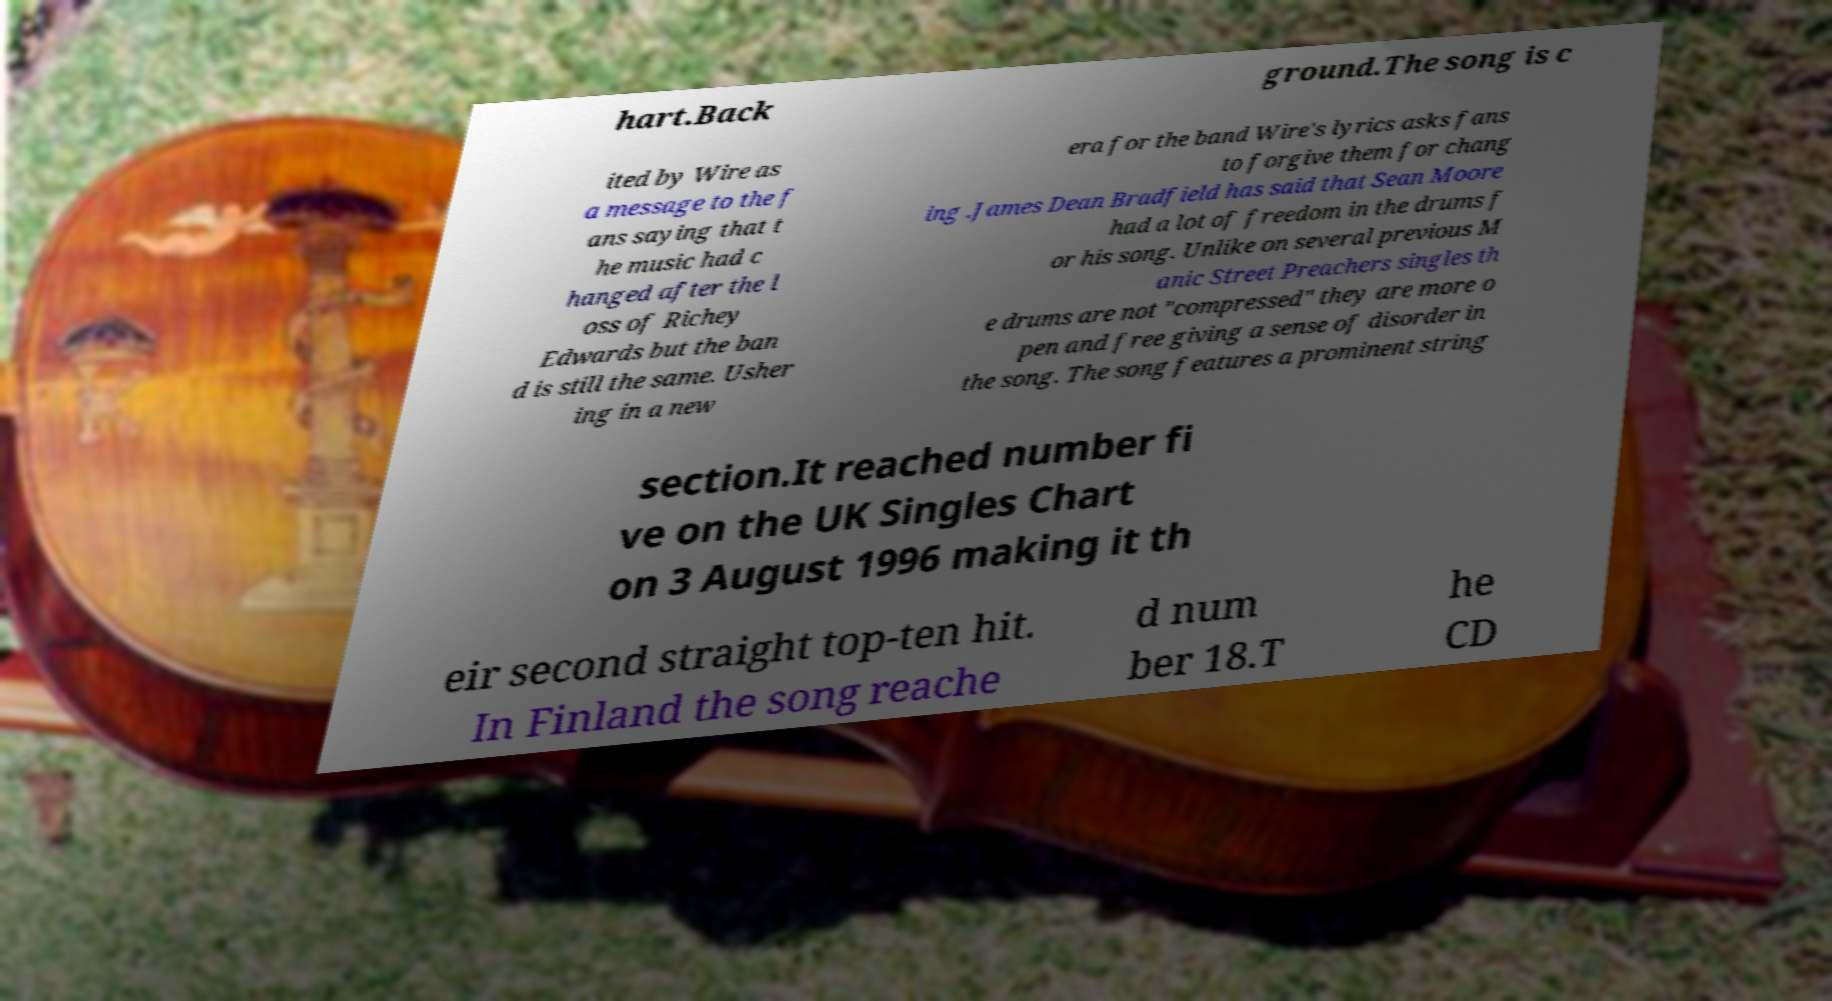Could you extract and type out the text from this image? hart.Back ground.The song is c ited by Wire as a message to the f ans saying that t he music had c hanged after the l oss of Richey Edwards but the ban d is still the same. Usher ing in a new era for the band Wire's lyrics asks fans to forgive them for chang ing .James Dean Bradfield has said that Sean Moore had a lot of freedom in the drums f or his song. Unlike on several previous M anic Street Preachers singles th e drums are not "compressed" they are more o pen and free giving a sense of disorder in the song. The song features a prominent string section.It reached number fi ve on the UK Singles Chart on 3 August 1996 making it th eir second straight top-ten hit. In Finland the song reache d num ber 18.T he CD 
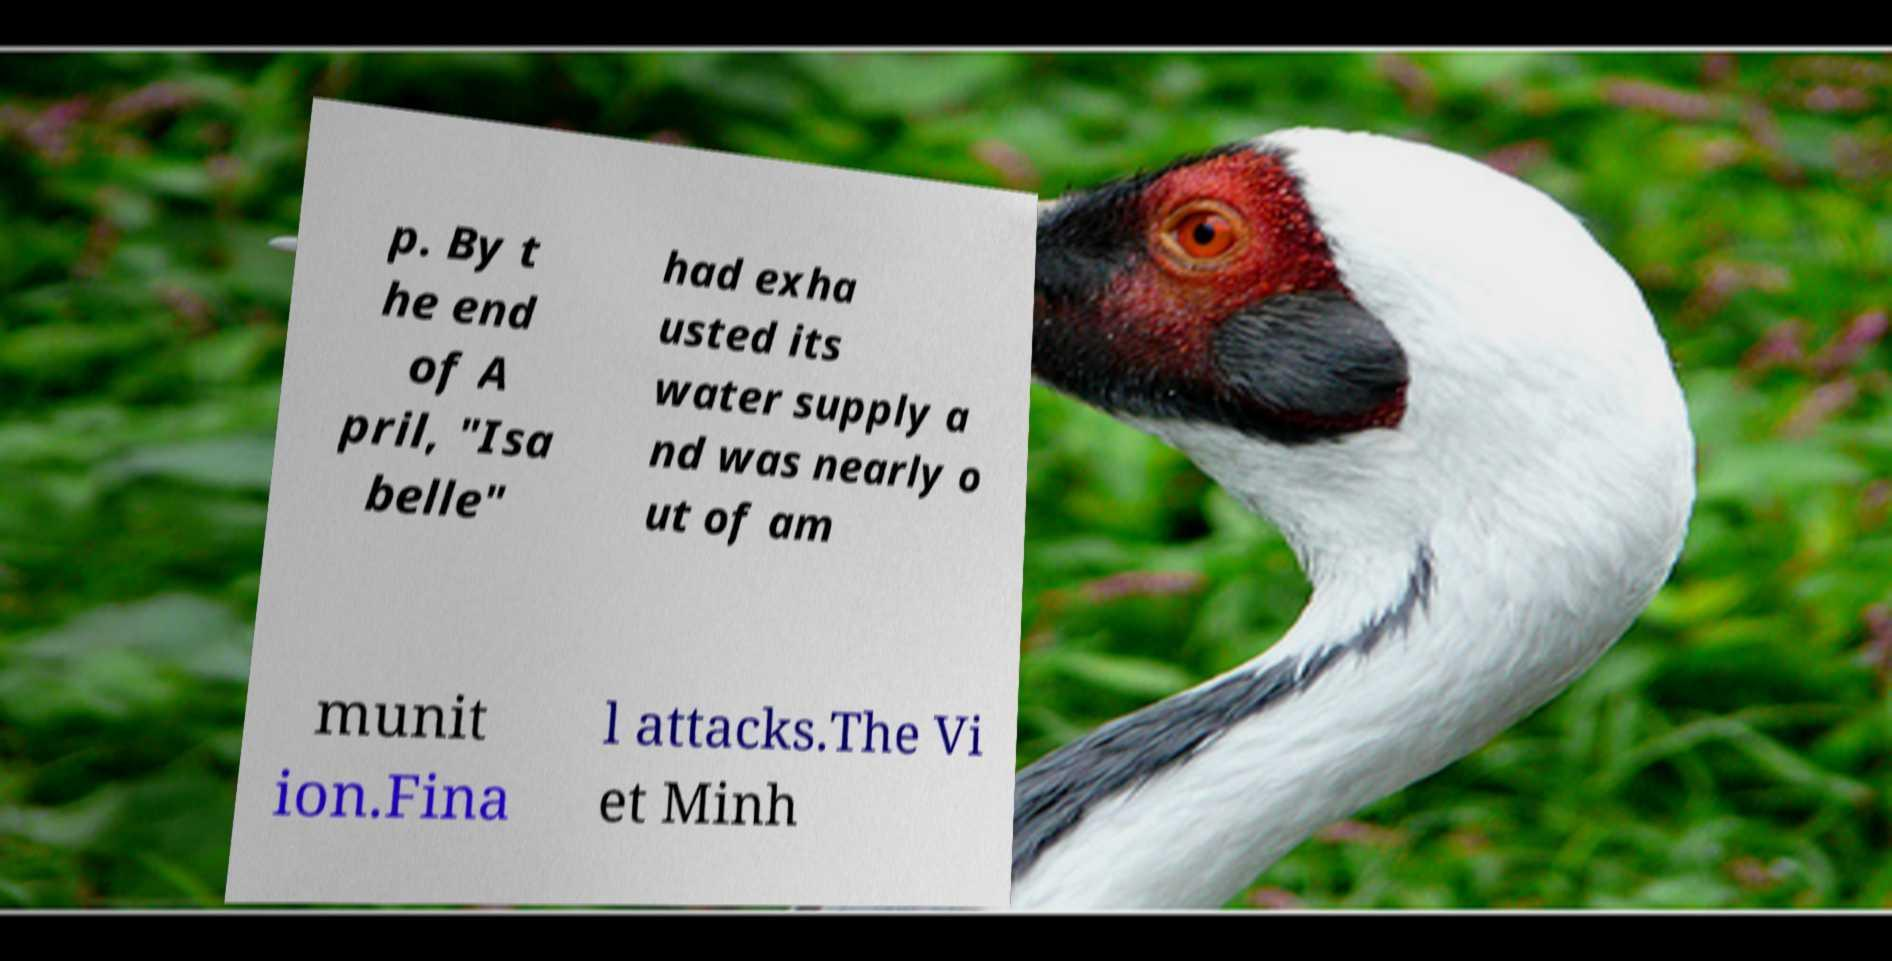What messages or text are displayed in this image? I need them in a readable, typed format. p. By t he end of A pril, "Isa belle" had exha usted its water supply a nd was nearly o ut of am munit ion.Fina l attacks.The Vi et Minh 
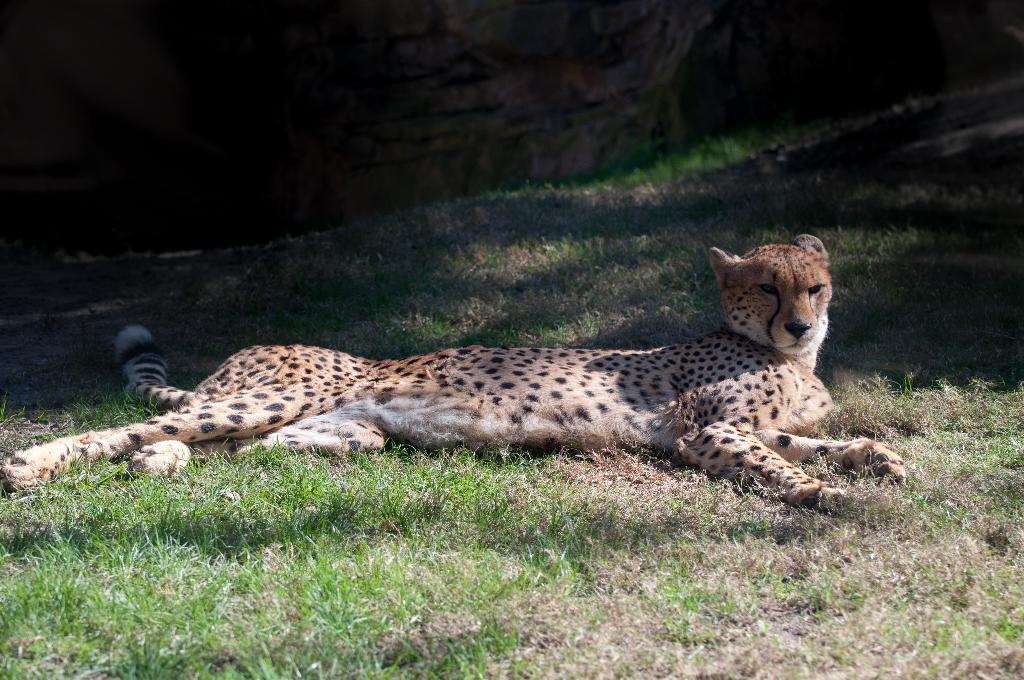Could you give a brief overview of what you see in this image? In this image there is a cheetah which is sleeping on the ground. 
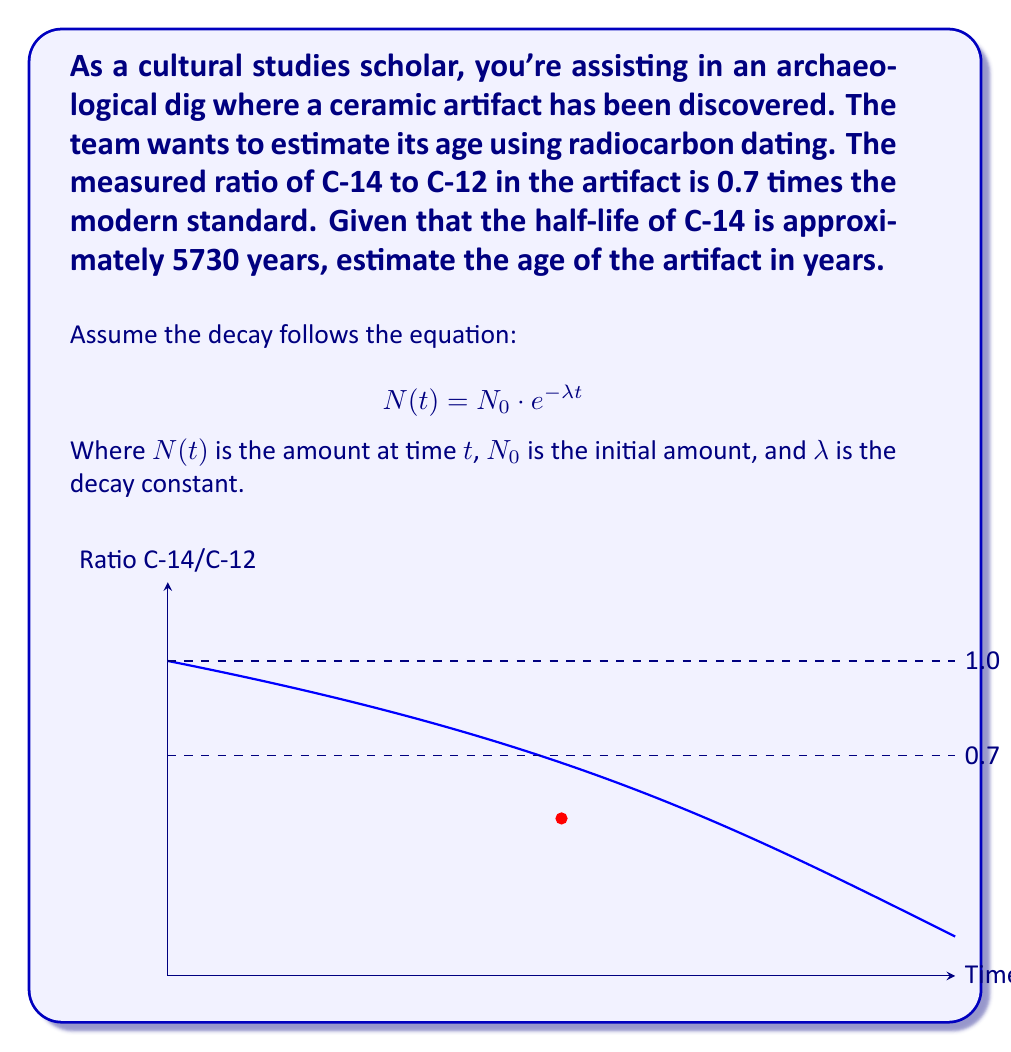Can you answer this question? Let's approach this step-by-step:

1) First, we need to find the decay constant $\lambda$. The half-life $t_{1/2}$ is related to $\lambda$ by:

   $$\lambda = \frac{\ln(2)}{t_{1/2}}$$

2) Substituting the given half-life:

   $$\lambda = \frac{\ln(2)}{5730} \approx 1.21 \times 10^{-4} \text{ year}^{-1}$$

3) Now, we can use the decay equation. Let $N_0$ be the initial amount and $N(t)$ be the amount after time $t$:

   $$\frac{N(t)}{N_0} = e^{-\lambda t}$$

4) We're given that the current ratio is 0.7 times the modern standard, so:

   $$0.7 = e^{-\lambda t}$$

5) Taking the natural logarithm of both sides:

   $$\ln(0.7) = -\lambda t$$

6) Solving for $t$:

   $$t = -\frac{\ln(0.7)}{\lambda}$$

7) Substituting the value of $\lambda$ we calculated:

   $$t = -\frac{\ln(0.7)}{1.21 \times 10^{-4}} \approx 2960 \text{ years}$$

Thus, the estimated age of the artifact is approximately 2960 years.
Answer: 2960 years 
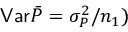Convert formula to latex. <formula><loc_0><loc_0><loc_500><loc_500>V a r \bar { P } = \sigma _ { P } ^ { 2 } / n _ { 1 } )</formula> 
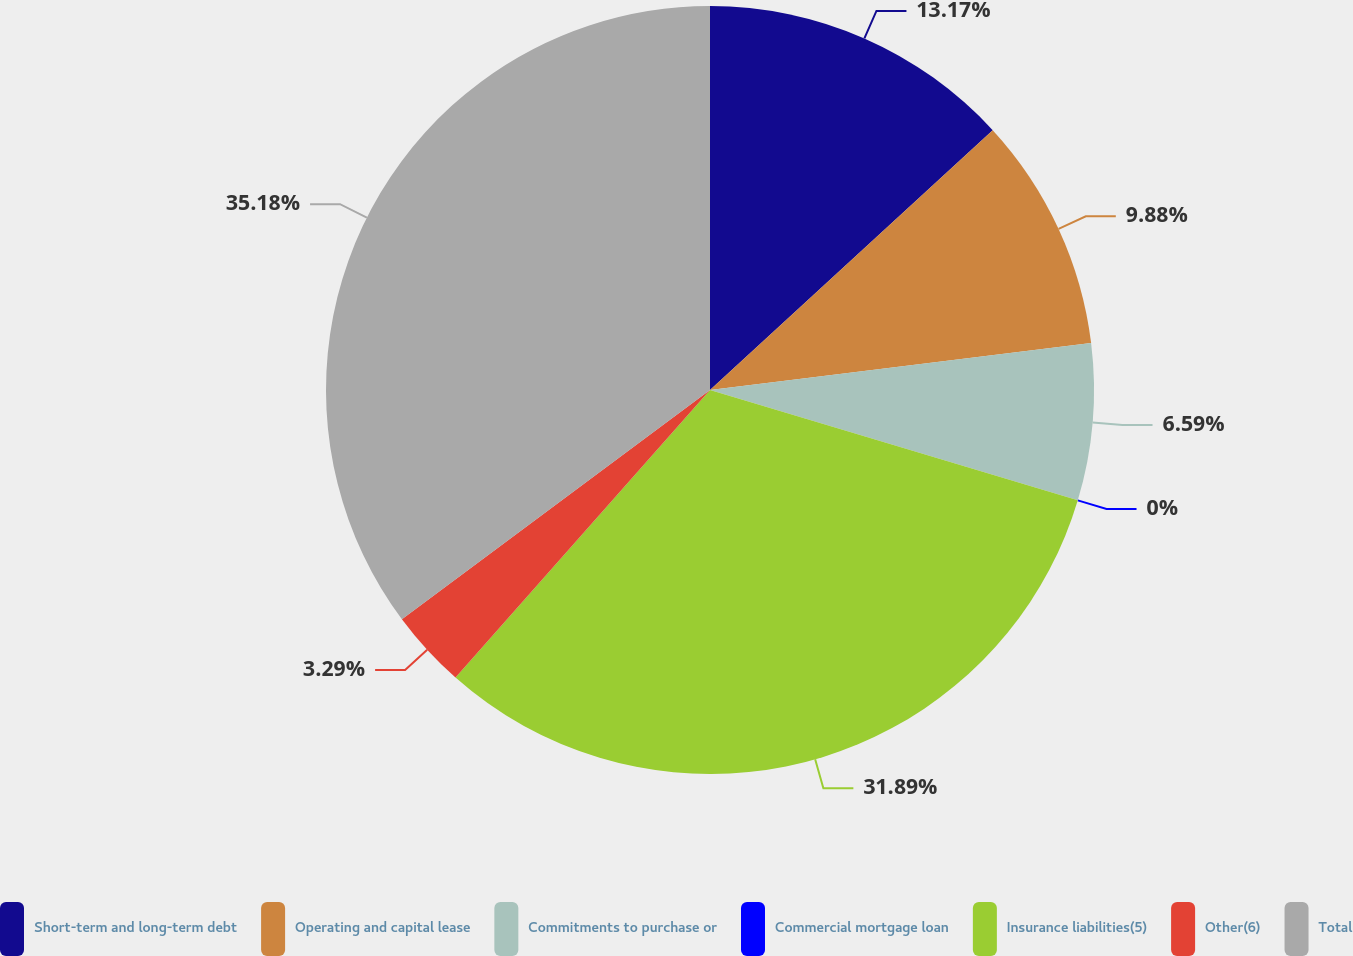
——
PROBLEM REQUIREMENTS: Only those lines from the one containing "1) First, we" to the end of the material above, retyped exactly and without pictures, belong in your reply.

WRITTEN RESPONSE:
1) First, we need to find the decay constant $\lambda$. The half-life $t_{1/2}$ is related to $\lambda$ by:

   $$\lambda = \frac{\ln(2)}{t_{1/2}}$$

2) Substituting the given half-life:

   $$\lambda = \frac{\ln(2)}{5730} \approx 1.21 \times 10^{-4} \text{ year}^{-1}$$

3) Now, we can use the decay equation. Let $N_0$ be the initial amount and $N(t)$ be the amount after time $t$:

   $$\frac{N(t)}{N_0} = e^{-\lambda t}$$

4) We're given that the current ratio is 0.7 times the modern standard, so:

   $$0.7 = e^{-\lambda t}$$

5) Taking the natural logarithm of both sides:

   $$\ln(0.7) = -\lambda t$$

6) Solving for $t$:

   $$t = -\frac{\ln(0.7)}{\lambda}$$

7) Substituting the value of $\lambda$ we calculated:

   $$t = -\frac{\ln(0.7)}{1.21 \times 10^{-4}} \approx 2960 \text{ years}$$

Thus, the estimated age of the artifact is approximately 2960 years.
Answer: 2960 years 
Convert formula to latex. <formula><loc_0><loc_0><loc_500><loc_500>V a r \bar { P } = \sigma _ { P } ^ { 2 } / n _ { 1 } )</formula> 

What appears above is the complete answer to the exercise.